What happened in Mumbai was a classic “hot flash” event: they’re hard to detect before they happen, and they’re over relatively quickly. There is little to no time to deploy anything and still be relevant once the event has started.
It was that crisis that started two members of the Ushahidi dev community (Chris Blow and Kaushal Jhalla) thinking about what needs to be done when you have massive amounts of information flying around. We’re at that point where the barriers for any ordinary person sharing valuable tactical and strategic information openly is at hand. How do you ferret the good data from the bad?
When the noise is overwhelming the signal, what do you do?
Thus began project “Swift River” at Ushahidi, which for 3 months now has been thought through, wireframed, re-thought and prototyped. Chris and Kaushal started asking, what can we do that most significantly effects quality of information in the first 3 hours of a crisis? And then answered, what if we created a swift river of information that gets quickly edited? Events like US Airways Flight 1549 and the inauguration gave us real-time live events that also had massive amounts of data to test things out on.
And, after all that, we’re not done, but we do have some solid ideas on what needs to be done. We think of it as using a crowd to filter, or edit, the already crowdsourced information coming through tools like Ushahidi, Twitter, Flickr and YouTube. To us, Swift River is “Crowdsourcing the Filter”.
How does it work? (non-tech version)
Since we don’t believe there will ever be one tool that everyone uses for gathering information on global crisis, we see a future where a tool like Swift River aggregates data from tools such as the aforementioned Twitter, Ushahidi, Flickr, YouTube, local mobile and web social networks. At this point what you have is a whole lot of noise and very little signal as to what the value is of the data you’re seeing.

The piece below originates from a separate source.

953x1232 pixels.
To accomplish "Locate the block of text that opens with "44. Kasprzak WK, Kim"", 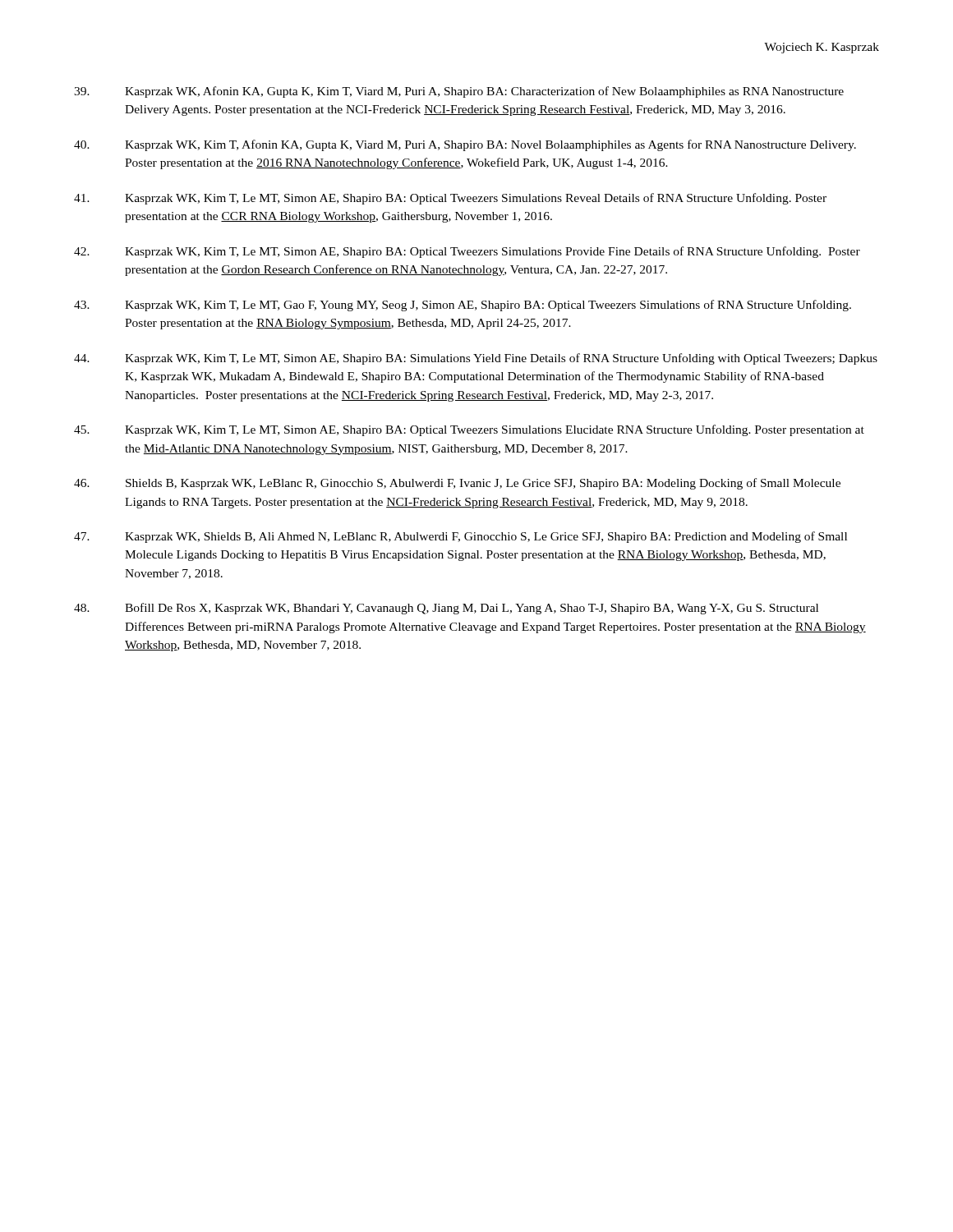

Anyone who has access to a computer (and possibly just a mobile phone in the future), can then go and rate information as it comes in. This is classic “crowdsourcing”, where the more people you have weighing in on any specific data point raises the probability of the finding the right answer. The information with greater veracity is highlighted and bubbles to the top, weighted also by proximity, severity and category of the incident.
At this point we have successfully filtered a large amount of data. Something difficult to do with a small team of experts, which can be accomplished by a large number of non-experts and experts combined.
So far we have some comps and David created a rough prototype of the engine driving it for the US inauguration. If this type of tool interests you, and you’d like to help, then do let us know. Here’s a glimpse at some of the idea flows that spur on our conversation at Ushahidi. This was created by Chris Blow, using the assumption that the user of this tool and protocol was a Twitter user:
The tool is really quite simple, and can be made better by clustering “like” incidents and reports, rating of the users on proximity, history and expertise and by developing a general protocol so that any other developer can expand on it as well.